How much you talk during a call may vary depending on what you're selling and the prospect you're talking to. Even when you expect to talk a lot, pay attention to what the other person says and how they speak. When you notice your prospect rarely hesitates to answer your questions and shares a lot about their expectations, it often means you're asking the right questions and they feel comfortable talking to you. If they're a little hesitant, try asking more open-ended questions that require some input from them.

Related: How to improve your active listening skills

5. Take notes

Remember to take notes during your cold calls. The information you gather allows you to learn more about your prospective buyers. It also serves as a great learning material, which you can use to improve your sales technique for future calls.

Related: Meeting notes template: definition, tips and example

6. Use a strong closing line

Just like the introduction, the closing you use can impact the result of your call. Using the right closing line increases the chances your prospective buyer leaves the call with a positive and hopeful mindset. To create an ideal closing to include in your script, you can briefly go over the buyer's pain points and mention any projects they're working on right now. The last few minutes of the call are also great for giving them one last chance to ask you any questions they may have. After answering, let them know you appreciate their time.

7. Decide what to do next

If at the end of your call your prospect wants to proceed in the sales process, explain the next steps to them. For example, you can let them know you're forwarding their contact information to a colleague and they can expect a call or email from them the next business day. In some instances, like when the purchase is fully automated, you can walk them through the steps necessary for finalising it.
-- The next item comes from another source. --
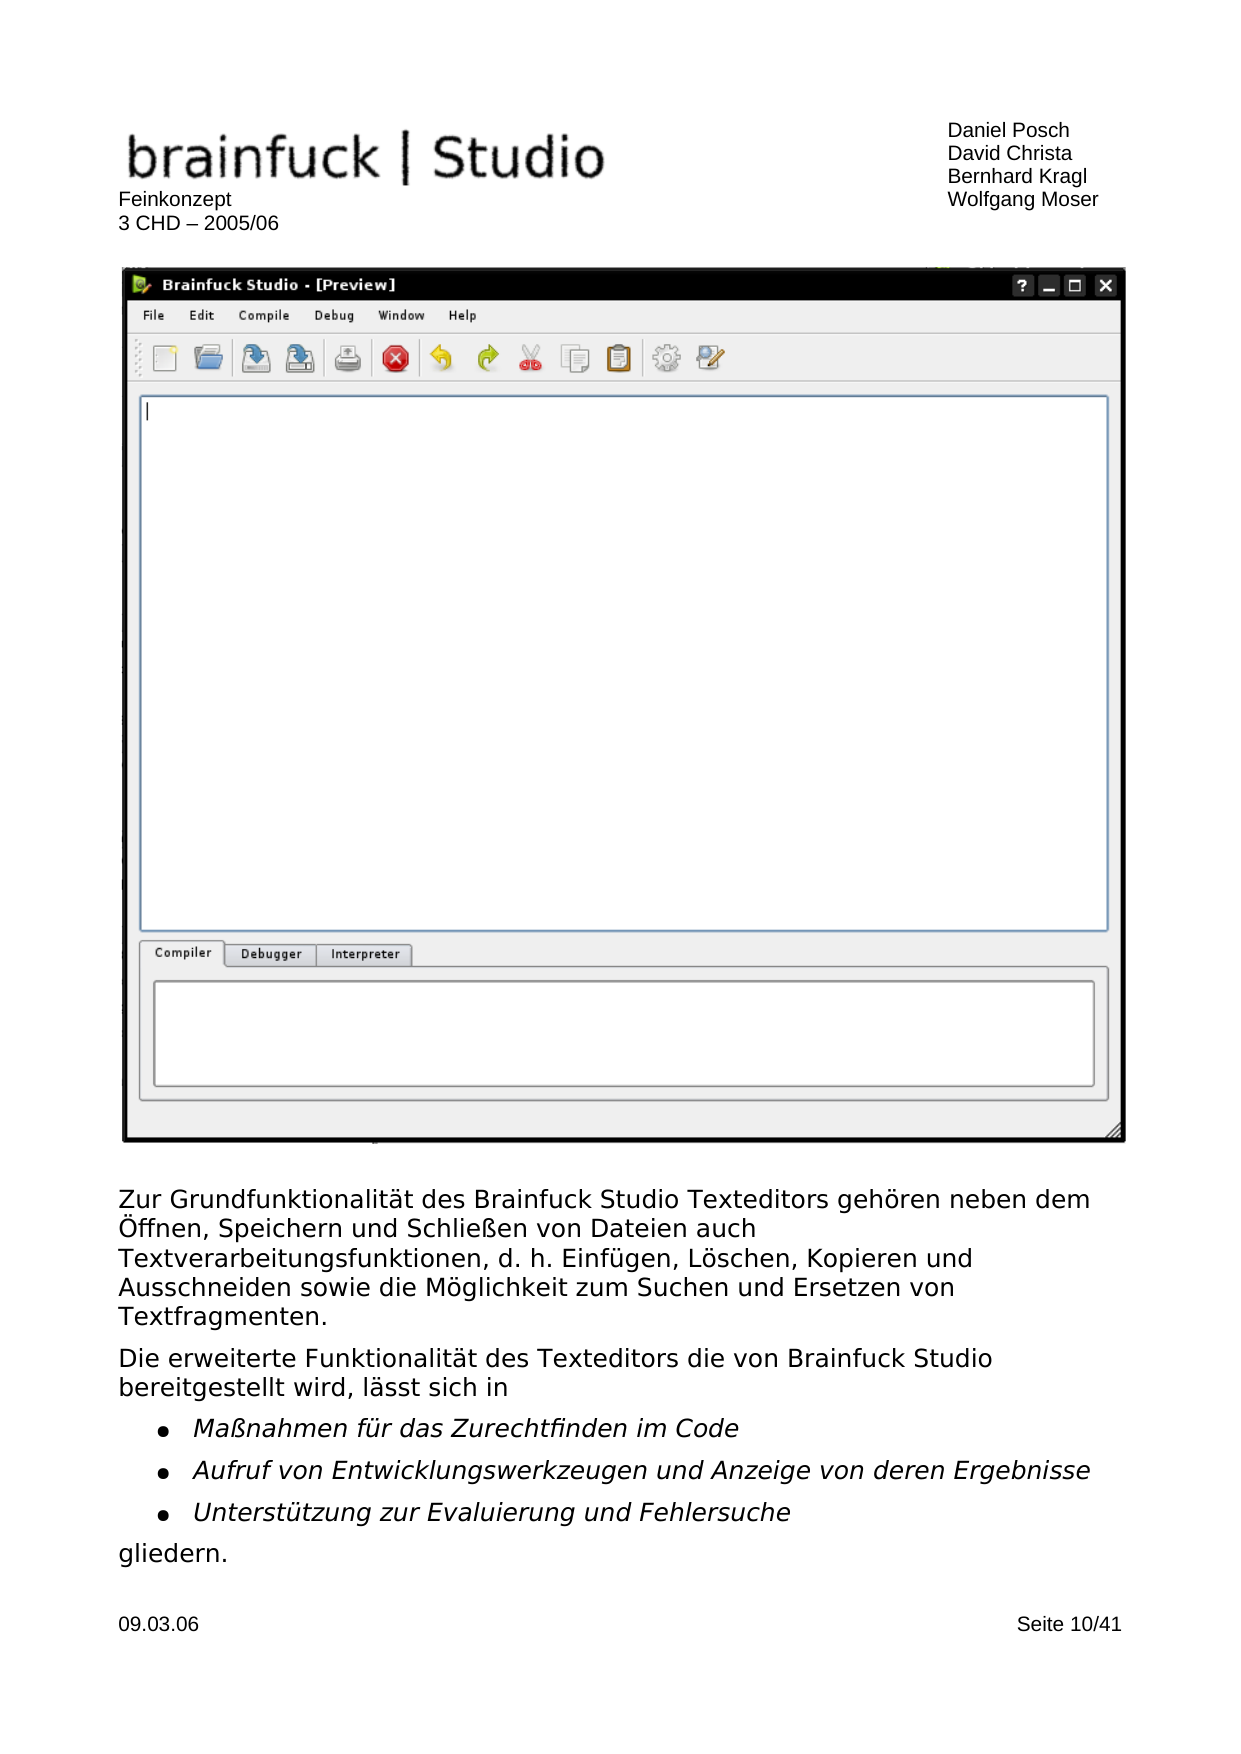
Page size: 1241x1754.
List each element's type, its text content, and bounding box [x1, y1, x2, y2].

Related: What is sales qualification and why is it important?

Benefits of making cold calls

Although cold calling may not work for some business models, it's an effective sales technique many organisations, such as software-as-a-service (SaaS) companies, use to reach new customers. Here are some benefits of making discovery calls:

  • Reaching new customers: Discovery calling is an effective way to reach new customers and tell them about the business you represent. Conducting research before the call helps you make sure they fit the company's profile.

  • Improving your sales technique: When cold calling prospects, you're likely to make up to several dozen calls each day. This is a great way to test your skills in practice and improve your sales techniques.

  • Showing you care about them: Companies that use calls to convince prospects might be more competitive because they build a real human connection between sales representatives and buyers. This is because it gives prospects a chance to get to know the person who's offering them new products and ask them any questions they have about it.